Cortisol correlates with metabolic disturbances in a population study of type 2 diabetic patients

Kerstin M Oltmanns2,4, Baerbel Dodt1, Bernd Schultes1, Hans H Raspe3, Ulrich Schweiger2, Jan Born4, Horst L Fehm1 and Achim Peters1

1 Departments of Internal Medicine I and 2 Psychiatry and Psychotherapy, 3 Institute for Public Health, and 4 Department of Neuroendocrinology, University of Luebeck, Ratzeburger Allee 160, 23538 Luebeck, Germany

(Correspondence should be addressed to K M Oltmanns, Department of Neuroendocrinology, University of Luebeck, Ratzeburger Allee 160, 23538 Luebeck, Germany; Email: Oltmanns{at}medinf.mu-luebeck.de)

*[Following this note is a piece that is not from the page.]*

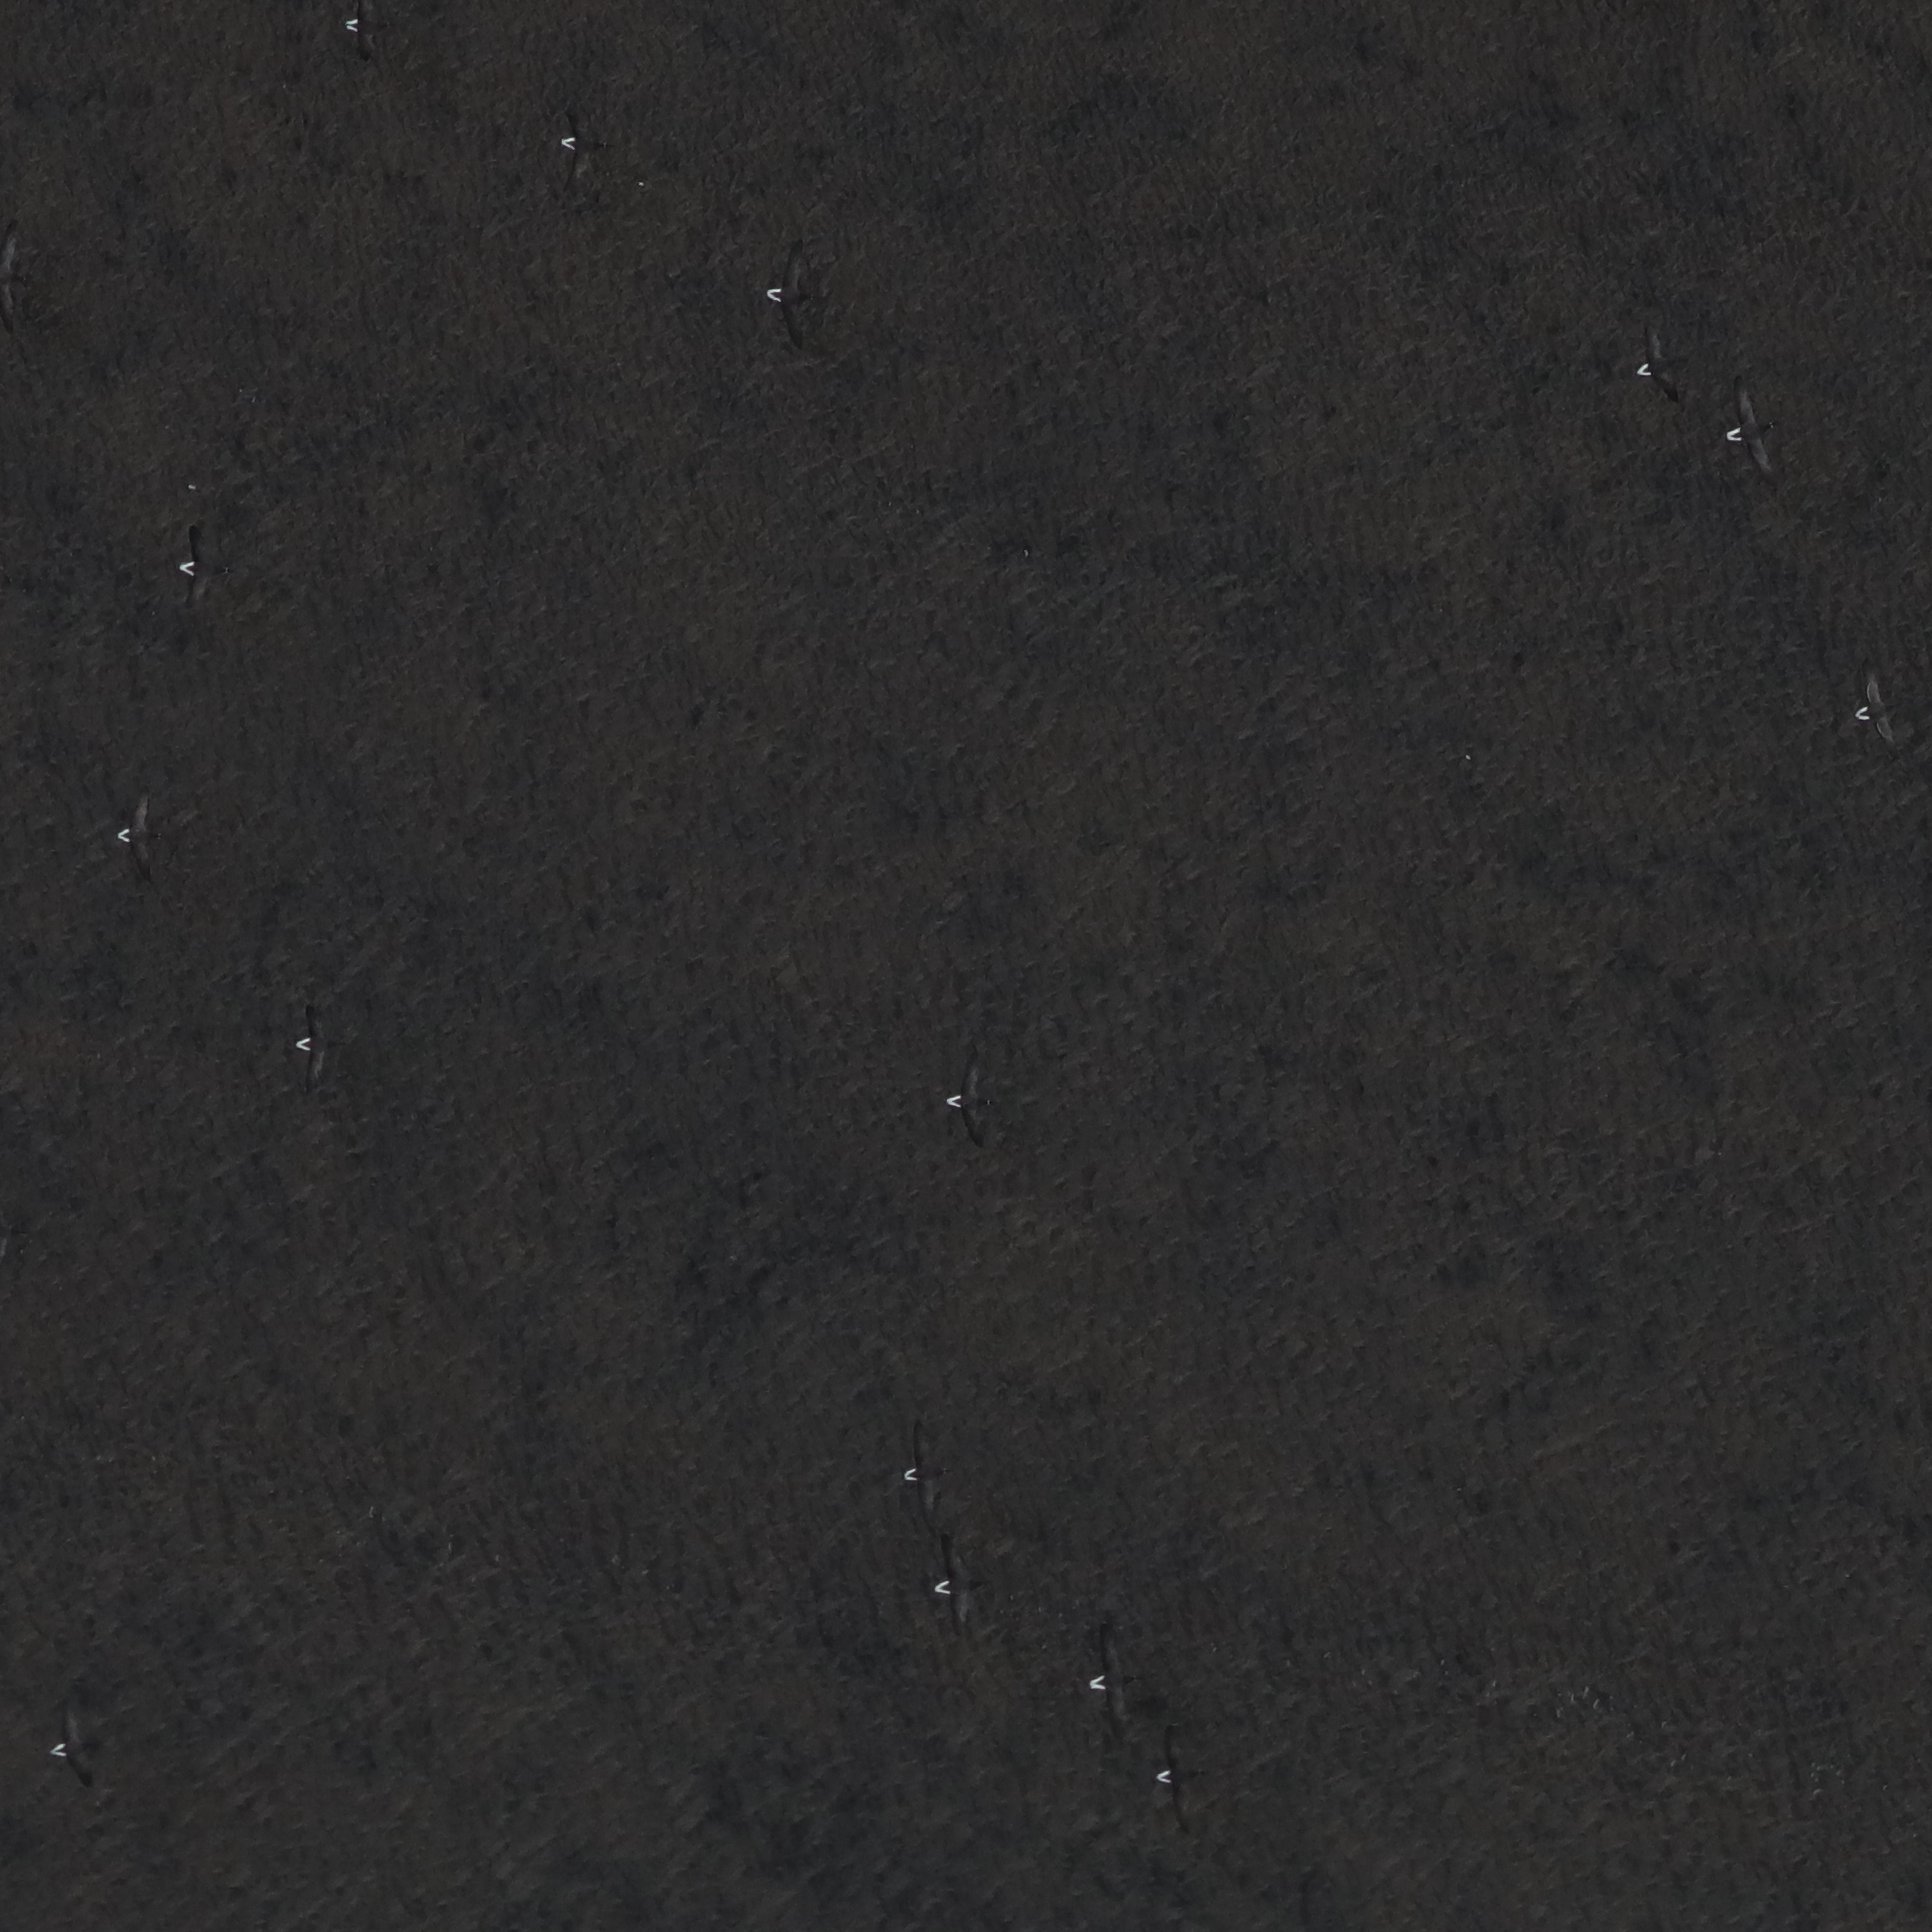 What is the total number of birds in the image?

Objective: The prevalence of type 2 diabetes mellitus is increasing rapidly in industrialized countries, and adrenal glucocorticoids may intensify this disease. We sought to assess the relationship between diabetes-associated metabolic disturbances and cortisol concentrations in patients with type 2 diabetes.

Design: We investigated 190 type 2 diabetic patients who volunteered from a population study of 12 430 people in Luebeck and its suburbs. The target population comprised men and women born between 1939 and 1958 who initially received a postal questionnaire about their health status. We identified 346 subjects with confirmed diabetes mellitus and 216 patients participated in the study. Patients with type 1 diabetes were excluded.

Methods: Five salivary cortisol samples were collected before and after lunch, in the evening and then the next morning before and after standing. Clinical variables associated with diabetes were measured and correlated with cortisol concentrations.

Results: None of the cohort had salivary cortisol concentrations that exceeded the normally accepted range. Based on cortisol samples collected just prior to a standard lunch, the cohort was divided into tertiles. Cortisol was positively related to: fasting blood, urinary and postprandial glucose; glycosylated hemoglobin; and systolic and diastolic blood pressures (all P < 0.05). Cortisol concentrations also correlated with the relative abdominal mass (P < 0.05) when patients with marked glucosuria were excluded.

Conclusions: The degree of severity of several clinical measures of type 2 diabetes correlates with cortisol concentrations. Moreover, the results provide evidence for a positive relationship between metabolic disturbances and cortisol concentrations that are within the accepted normal range.